Рукоять меча | страница 36
Так-то оно так, но ожидание измучило Кэссина свыше сил. Он мог думать только об одном и думал об этом неотступно. Он забывал о голоде и жажде и, лишь когда все остальные побегайцы садились за еду, чувствовал, что голоден. Он пропускал мимо ушей морские байки Морехода, сбивчивые рассказы Кастета и даже захватывающие дух истории Гвоздя слушал вполуха. Он еще заинтересовался «любованием луной», но когда Гвоздь принялся повествовать о том, как с гор нагрянули китобои, неправдоподобность этого события не взволновала его ничуть: с гор – так с гор, китобои – так китобои. Возможно, Гвоздь и подразумевает под этим не совсем то же самое, что и Кэссин… но какая, в сущности, разница?
И только принимаясь за привычный ежедневный труд рассказчика, Кэссин до некоторой степени становился прежним Помелом. Правда, содержание его рассказов поменялось: обычно он предпочитал истории о воинах или ловких мошенниках, а теперь повествовал все больше о магах. Маги его и подвели. С их стороны это было самым настоящим предательством.
Рассказывал Кэссин по-прежнему увлеченно, не жалея подробностей и помогая себе жестами.
– И тогда, – вдохновенно произнес Кэссин, понижая голос до трагического шепота, – великий маг вознес руку над их головами, и по его ладони заструился магический свет…

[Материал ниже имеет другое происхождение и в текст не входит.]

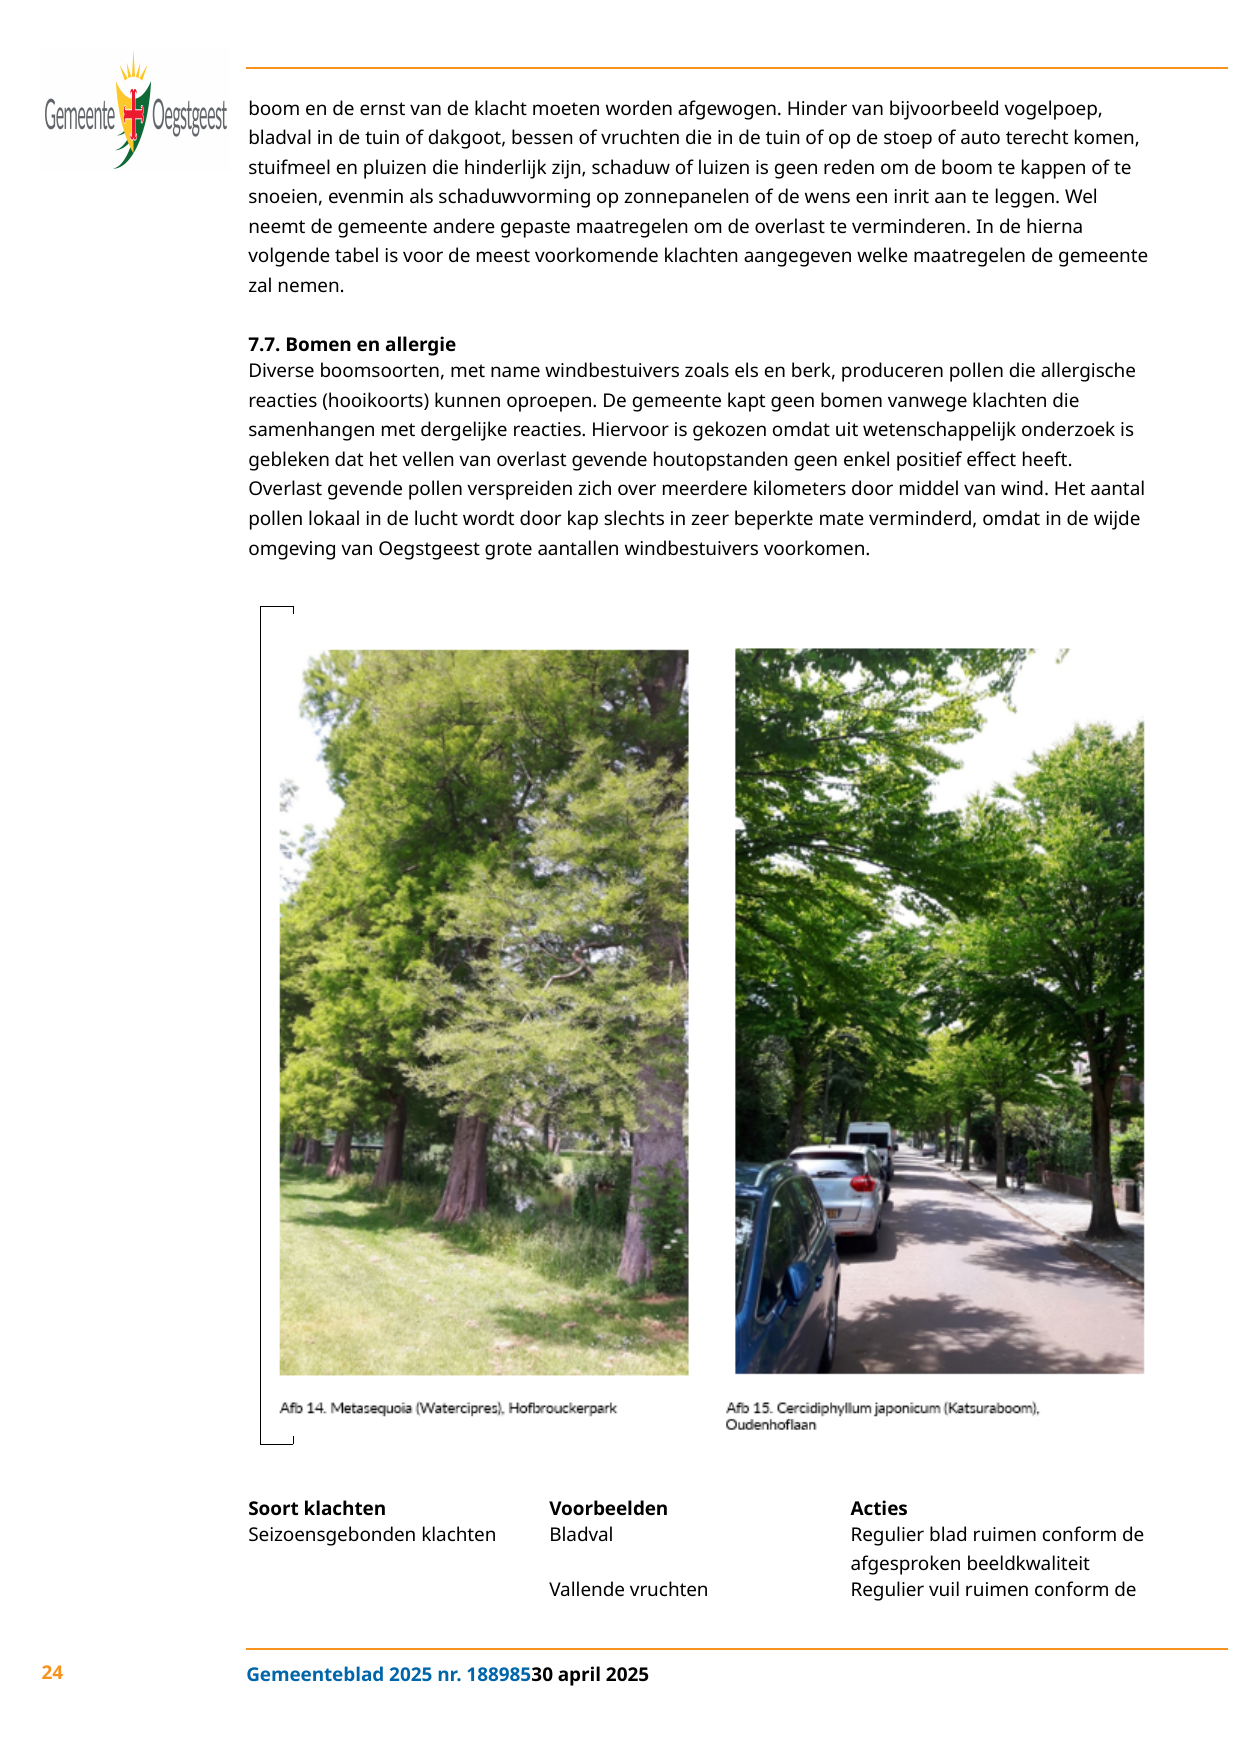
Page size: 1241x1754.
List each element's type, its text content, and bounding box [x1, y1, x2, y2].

table_header Soort klachten [248, 1495, 549, 1521]
table_cell Regulier blad ruimen conform de afgesproken beeldkwaliteit [850, 1521, 1152, 1576]
text boom en de ernst van de klacht moeten worden afgewogen. Hinder van bijvoorbeeld vogelpoep, bladval in de tuin of dakgoot, bessen of vruchten die in de tuin of op de stoep of auto terecht komen, stuifmeel en pluizen die hinderlijk zijn, schaduw of luizen is geen reden om de boom te kappen of te snoeien, evenmin als schaduwvorming op zonnepanelen of de wens een inrit aan te leggen. Wel neemt de gemeente andere gepaste maatregelen om de overlast te verminderen. In de hierna volgende tabel is voor de meest voorkomende klachten aangegeven welke maatregelen de gemeente zal nemen. [248, 95, 1152, 298]
picture [268, 614, 1173, 1436]
table_cell Regulier vuil ruimen conform de [850, 1576, 1152, 1602]
table_cell Seizoensgebonden klachten [248, 1521, 549, 1576]
text 7.7. Bomen en allergie [248, 331, 1152, 357]
table_header Voorbeelden [549, 1495, 850, 1521]
text Diverse boomsoorten, met name windbestuivers zoals els en berk, produceren pollen die allergische reacties (hooikoorts) kunnen oproepen. De gemeente kapt geen bomen vanwege klachten die samenhangen met dergelijke reacties. Hiervoor is gekozen omdat uit wetenschappelijk onderzoek is gebleken dat het vellen van overlast gevende houtopstanden geen enkel positief effect heeft. Overlast gevende pollen verspreiden zich over meerdere kilometers door middel van wind. Het aantal pollen lokaal in de lucht wordt door kap slechts in zeer beperkte mate verminderd, omdat in de wijde omgeving van Oegstgeest grote aantallen windbestuivers voorkomen. [248, 357, 1152, 560]
table_cell Bladval [549, 1521, 850, 1576]
table_cell [248, 1576, 549, 1602]
picture [41, 47, 231, 172]
table_header Acties [850, 1495, 1152, 1521]
table_cell Vallende vruchten [549, 1576, 850, 1602]

Баржа взвыл и нырнул под стол. Треножник ринулся к Кастету и впился когтями в его голое плечо – оба они, и Треножник, и Кастет, выразительно мяукнули. Гвоздь бесстрастно выругался.
Кэссин стоял посреди Крысильни. Подражая жесту мага из сказки, Кэссин взмахнул рукой и воздел ее вверх. По его ладони струился магический свет.
Разумеется, окончить историю Кэссину не удалось, да никто от него этого и не требовал. Собственный маг куда ценнее собственного рассказчика, а магический свет на ладони прогнал скуку гораздо основательней, чем обычные рассказы Помела. Побегайцы уже целую неделю отсиживались в Крысильне, и даже самые интересные истории им успели опостылеть до полной обрыдливости. Вопя от восторга, побегайцы облепили Кэссина, словно мухи – леденец. Всеобщей радости не разделял только Гвоздь. Он перекинулся парой тихих слов с Покойником, дождался от него ответного кивка и решительно подошел к Кэссину.
– А ну брысь, босота, – хмуро заявил он. – Нам с магом поговорить надо.
Кэссин не был привычен к изъявлениям публичного восторга, и они его если и не смутили, то утомили почти мгновенно. Так что последовал он за Гвоздем по доброй воле, не чуя ничего дурного. Мало ли от чего Гвоздь не в духе! Он в последнее время и вообще редко бывает в ином настроении.